Prompt » Nothing but the pictures gets dropped; retype every entry exactly.

Data to process »
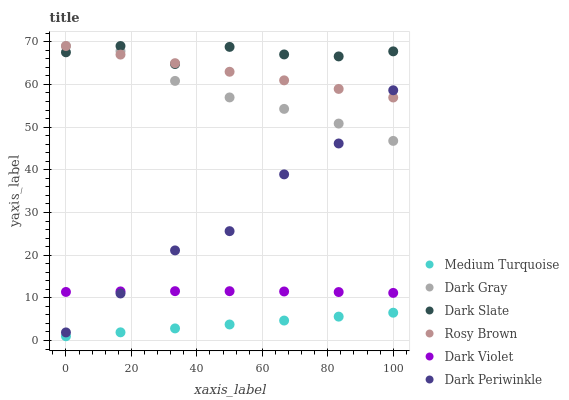Does Medium Turquoise have the minimum area under the curve?
Answer yes or no. Yes. Does Dark Slate have the maximum area under the curve?
Answer yes or no. Yes. Does Dark Violet have the minimum area under the curve?
Answer yes or no. No. Does Dark Violet have the maximum area under the curve?
Answer yes or no. No. Is Medium Turquoise the smoothest?
Answer yes or no. Yes. Is Dark Periwinkle the roughest?
Answer yes or no. Yes. Is Dark Violet the smoothest?
Answer yes or no. No. Is Dark Violet the roughest?
Answer yes or no. No. Does Medium Turquoise have the lowest value?
Answer yes or no. Yes. Does Dark Violet have the lowest value?
Answer yes or no. No. Does Dark Slate have the highest value?
Answer yes or no. Yes. Does Dark Violet have the highest value?
Answer yes or no. No. Is Dark Violet less than Dark Slate?
Answer yes or no. Yes. Is Dark Violet greater than Medium Turquoise?
Answer yes or no. Yes. Does Rosy Brown intersect Dark Periwinkle?
Answer yes or no. Yes. Is Rosy Brown less than Dark Periwinkle?
Answer yes or no. No. Is Rosy Brown greater than Dark Periwinkle?
Answer yes or no. No. Does Dark Violet intersect Dark Slate?
Answer yes or no. No. 
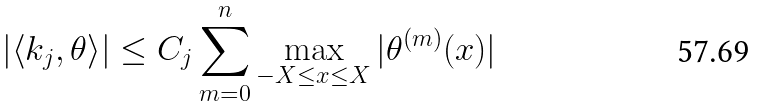Convert formula to latex. <formula><loc_0><loc_0><loc_500><loc_500>\left | \left < k _ { j } , \theta \right > \right | \leq C _ { j } \sum _ { m = 0 } ^ { n } \max _ { - X \leq x \leq X } | \theta ^ { ( m ) } ( x ) |</formula> 
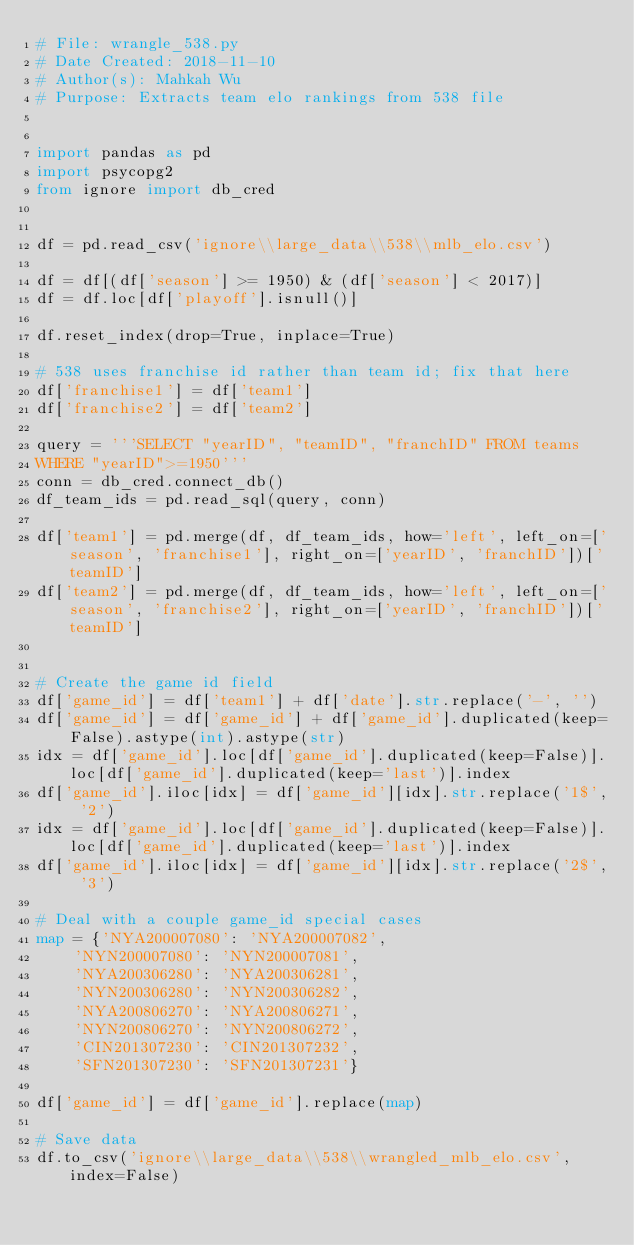Convert code to text. <code><loc_0><loc_0><loc_500><loc_500><_Python_># File: wrangle_538.py
# Date Created: 2018-11-10
# Author(s): Mahkah Wu
# Purpose: Extracts team elo rankings from 538 file


import pandas as pd
import psycopg2
from ignore import db_cred


df = pd.read_csv('ignore\\large_data\\538\\mlb_elo.csv')

df = df[(df['season'] >= 1950) & (df['season'] < 2017)]
df = df.loc[df['playoff'].isnull()]

df.reset_index(drop=True, inplace=True)

# 538 uses franchise id rather than team id; fix that here
df['franchise1'] = df['team1']
df['franchise2'] = df['team2']

query = '''SELECT "yearID", "teamID", "franchID" FROM teams
WHERE "yearID">=1950'''
conn = db_cred.connect_db()
df_team_ids = pd.read_sql(query, conn)

df['team1'] = pd.merge(df, df_team_ids, how='left', left_on=['season', 'franchise1'], right_on=['yearID', 'franchID'])['teamID']
df['team2'] = pd.merge(df, df_team_ids, how='left', left_on=['season', 'franchise2'], right_on=['yearID', 'franchID'])['teamID']


# Create the game id field
df['game_id'] = df['team1'] + df['date'].str.replace('-', '')
df['game_id'] = df['game_id'] + df['game_id'].duplicated(keep=False).astype(int).astype(str)
idx = df['game_id'].loc[df['game_id'].duplicated(keep=False)].loc[df['game_id'].duplicated(keep='last')].index
df['game_id'].iloc[idx] = df['game_id'][idx].str.replace('1$', '2')
idx = df['game_id'].loc[df['game_id'].duplicated(keep=False)].loc[df['game_id'].duplicated(keep='last')].index
df['game_id'].iloc[idx] = df['game_id'][idx].str.replace('2$', '3')

# Deal with a couple game_id special cases
map = {'NYA200007080': 'NYA200007082',
    'NYN200007080': 'NYN200007081',
    'NYA200306280': 'NYA200306281',
    'NYN200306280': 'NYN200306282',
    'NYA200806270': 'NYA200806271',
    'NYN200806270': 'NYN200806272',
    'CIN201307230': 'CIN201307232',
    'SFN201307230': 'SFN201307231'}

df['game_id'] = df['game_id'].replace(map)

# Save data
df.to_csv('ignore\\large_data\\538\\wrangled_mlb_elo.csv', index=False)
</code> 
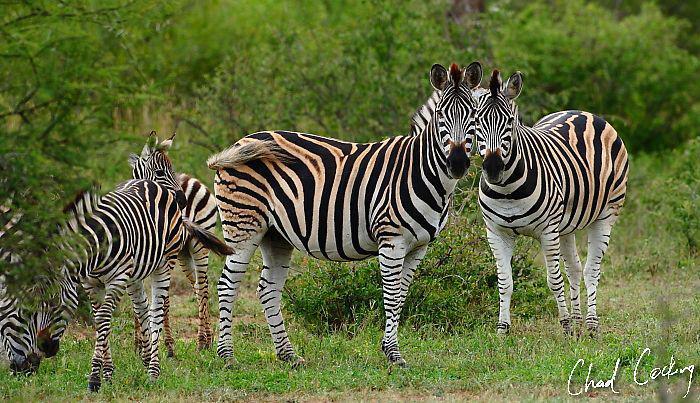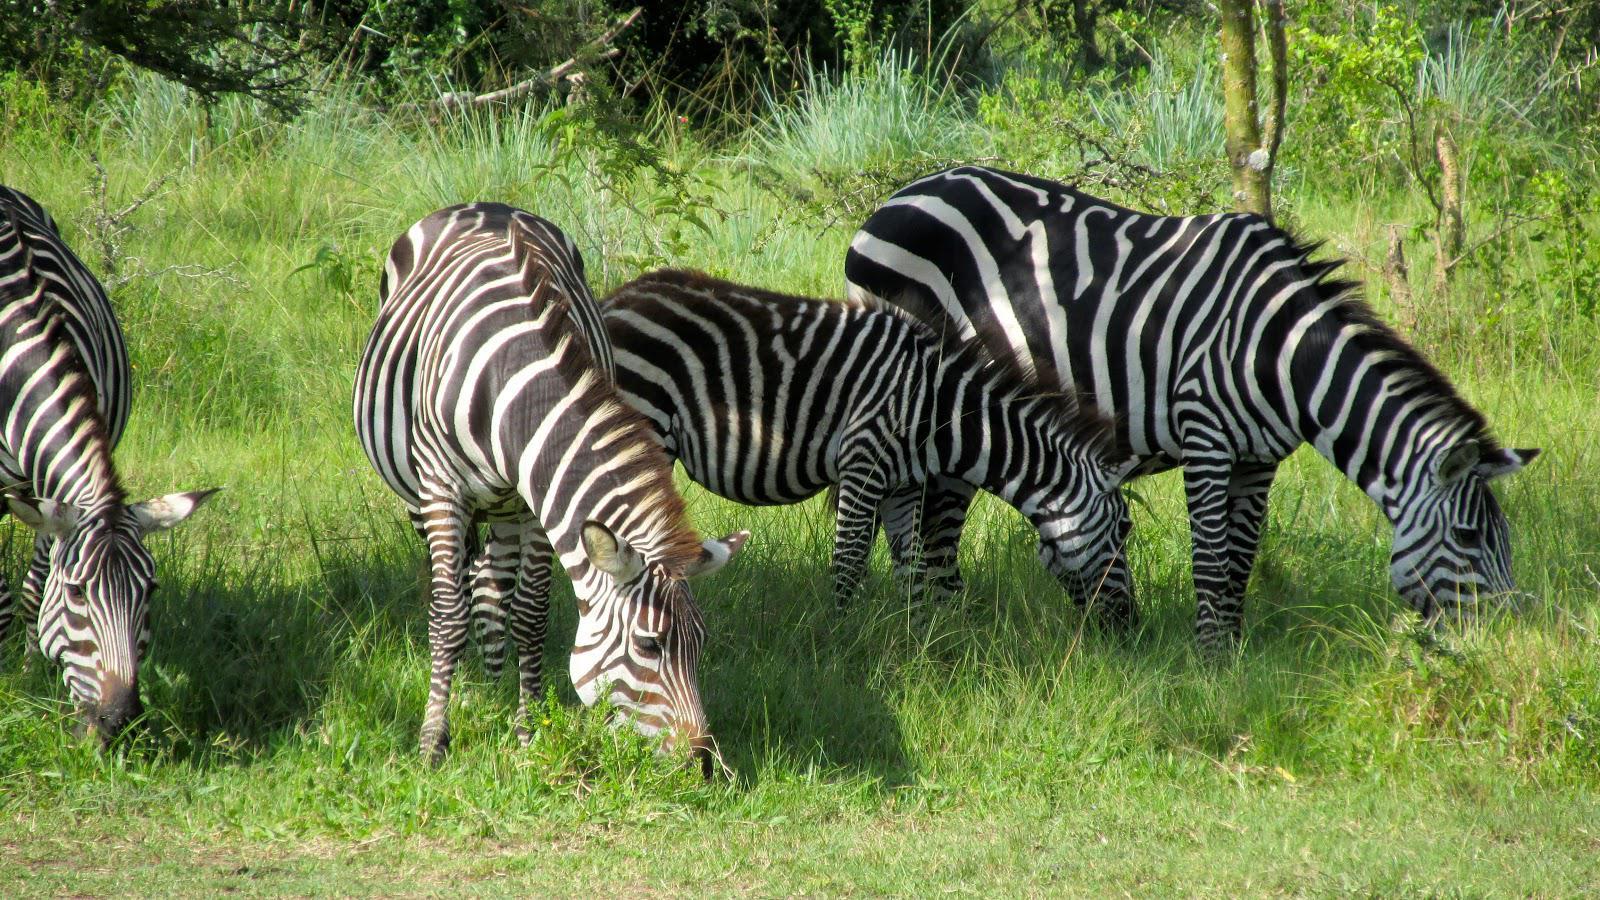The first image is the image on the left, the second image is the image on the right. Given the left and right images, does the statement "In the foreground of the lefthand image, two zebras stand with bodies turned toward each other and faces turned to the camera." hold true? Answer yes or no. Yes. The first image is the image on the left, the second image is the image on the right. Evaluate the accuracy of this statement regarding the images: "No more than one zebra has its head down in the image on the right.". Is it true? Answer yes or no. No.

Answer to the exercise »
Does Medium Turquoise have the minimum area under the curve?
Answer yes or no. Yes. Does Dark Slate have the maximum area under the curve?
Answer yes or no. Yes. Does Dark Violet have the minimum area under the curve?
Answer yes or no. No. Does Dark Violet have the maximum area under the curve?
Answer yes or no. No. Is Medium Turquoise the smoothest?
Answer yes or no. Yes. Is Dark Periwinkle the roughest?
Answer yes or no. Yes. Is Dark Violet the smoothest?
Answer yes or no. No. Is Dark Violet the roughest?
Answer yes or no. No. Does Medium Turquoise have the lowest value?
Answer yes or no. Yes. Does Dark Violet have the lowest value?
Answer yes or no. No. Does Dark Slate have the highest value?
Answer yes or no. Yes. Does Dark Violet have the highest value?
Answer yes or no. No. Is Dark Violet less than Dark Slate?
Answer yes or no. Yes. Is Dark Violet greater than Medium Turquoise?
Answer yes or no. Yes. Does Rosy Brown intersect Dark Periwinkle?
Answer yes or no. Yes. Is Rosy Brown less than Dark Periwinkle?
Answer yes or no. No. Is Rosy Brown greater than Dark Periwinkle?
Answer yes or no. No. Does Dark Violet intersect Dark Slate?
Answer yes or no. No. 
Convert formula to latex. <formula><loc_0><loc_0><loc_500><loc_500>\left | \left < k _ { j } , \theta \right > \right | \leq C _ { j } \sum _ { m = 0 } ^ { n } \max _ { - X \leq x \leq X } | \theta ^ { ( m ) } ( x ) |</formula> 
Convert code to text. <code><loc_0><loc_0><loc_500><loc_500><_Python_># File: wrangle_538.py
# Date Created: 2018-11-10
# Author(s): Mahkah Wu
# Purpose: Extracts team elo rankings from 538 file


import pandas as pd
import psycopg2
from ignore import db_cred


df = pd.read_csv('ignore\\large_data\\538\\mlb_elo.csv')

df = df[(df['season'] >= 1950) & (df['season'] < 2017)]
df = df.loc[df['playoff'].isnull()]

df.reset_index(drop=True, inplace=True)

# 538 uses franchise id rather than team id; fix that here
df['franchise1'] = df['team1']
df['franchise2'] = df['team2']

query = '''SELECT "yearID", "teamID", "franchID" FROM teams
WHERE "yearID">=1950'''
conn = db_cred.connect_db()
df_team_ids = pd.read_sql(query, conn)

df['team1'] = pd.merge(df, df_team_ids, how='left', left_on=['season', 'franchise1'], right_on=['yearID', 'franchID'])['teamID']
df['team2'] = pd.merge(df, df_team_ids, how='left', left_on=['season', 'franchise2'], right_on=['yearID', 'franchID'])['teamID']


# Create the game id field
df['game_id'] = df['team1'] + df['date'].str.replace('-', '')
df['game_id'] = df['game_id'] + df['game_id'].duplicated(keep=False).astype(int).astype(str)
idx = df['game_id'].loc[df['game_id'].duplicated(keep=False)].loc[df['game_id'].duplicated(keep='last')].index
df['game_id'].iloc[idx] = df['game_id'][idx].str.replace('1$', '2')
idx = df['game_id'].loc[df['game_id'].duplicated(keep=False)].loc[df['game_id'].duplicated(keep='last')].index
df['game_id'].iloc[idx] = df['game_id'][idx].str.replace('2$', '3')

# Deal with a couple game_id special cases
map = {'NYA200007080': 'NYA200007082',
    'NYN200007080': 'NYN200007081',
    'NYA200306280': 'NYA200306281',
    'NYN200306280': 'NYN200306282',
    'NYA200806270': 'NYA200806271',
    'NYN200806270': 'NYN200806272',
    'CIN201307230': 'CIN201307232',
    'SFN201307230': 'SFN201307231'}

df['game_id'] = df['game_id'].replace(map)

# Save data
df.to_csv('ignore\\large_data\\538\\wrangled_mlb_elo.csv', index=False)
</code> 
The first image is the image on the left, the second image is the image on the right. Given the left and right images, does the statement "In the foreground of the lefthand image, two zebras stand with bodies turned toward each other and faces turned to the camera." hold true? Answer yes or no. Yes. The first image is the image on the left, the second image is the image on the right. Evaluate the accuracy of this statement regarding the images: "No more than one zebra has its head down in the image on the right.". Is it true? Answer yes or no. No.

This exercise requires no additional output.